Training in numerical methods includes programming in direct and iterative methods for linear and nonlinear systems, evaluation of stability and accuracy of numerical algorithms and design and implementation of numerical algorithms in suitable software environment. Training in FPGA basics and programming includes familiarization with the FPGA architectures, VHDL or Verilog basics, while it completes with DSP concepts, algorithms and techniques for implementation. The researcher's training will be focused on those architectural features that improve design performance for reservoir computing (RC).
In this task, the investigation of RC properties exploiting the nonlinear dynamics of semiconductor-based devices or the appropriately programmed FPGA-based modules will be performed.
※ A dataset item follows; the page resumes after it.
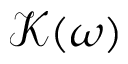<formula> <loc_0><loc_0><loc_500><loc_500>\mathcal { K } ( \omega )</formula> 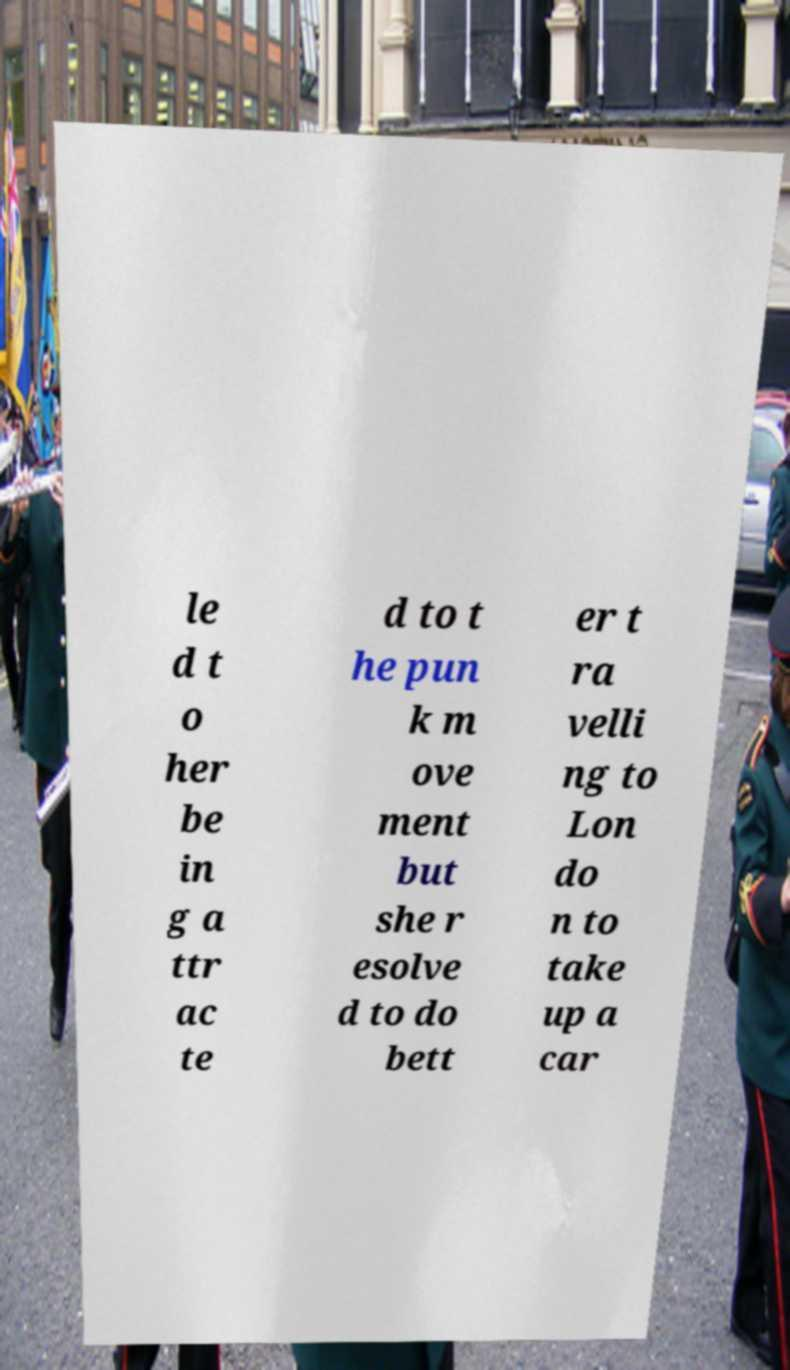Can you read and provide the text displayed in the image?This photo seems to have some interesting text. Can you extract and type it out for me? le d t o her be in g a ttr ac te d to t he pun k m ove ment but she r esolve d to do bett er t ra velli ng to Lon do n to take up a car

These two distinct signal processing categories will be evaluated and compared in terms of implementation complexity, capability to provide nonlinear transfer functions that are useful for RC computation tasks and overall performance. The output of this task is to provide evidence that programmed modules or physical devices in a reservoir computing topology can overcome network routing and switching issues at high speed. Training and classification modules that effectively discriminate multi-bit header patterns are provisioned to be the first step to the entirely all-optical header recognition and ultrafast data switching and routing.
The most prominent topologies will be experimentally demonstrated and evaluated, initially as a standalone RC unit and thence in the imposed application problems. For the all-optical routing/switching telecom applications, several parameters that are associated to the operational performance will be evaluated: the supported bit-rate operation, the signal-to-noise ratio (SNR) restrictions on the input signal, the pre- and post- processing of the input signal in order to fit with the requirements of the RC system, the memory capacity of the reservoir, the total delay imposed from the RC decision process, the effect on bandwidth limitation of the RC process, etc. Target is to demonstrate error-free pattern recognition and classification of at least eight header patterns at Gb/s rates. Applying the same concept in sensor networks, we will deal with the "big data problem" established by conventional fiber-optic sensors - such as FBG-based sensors- that do not have any intelligence to support event-driven activation and device-controlled data transmission. Even though the information that the usual data packets carry is of low volume, real time monitoring techniques practically establish relentless data traffic from these sensors. RC at appropriate traffic nodes will be able to reduce dramatically the traffic of useful data sent by common unintelligent distant fiber-based sensors. Target is to demonstrate efficient drop-off of redundant data from high-volume bit streams and event-driven operation of these sensor networks.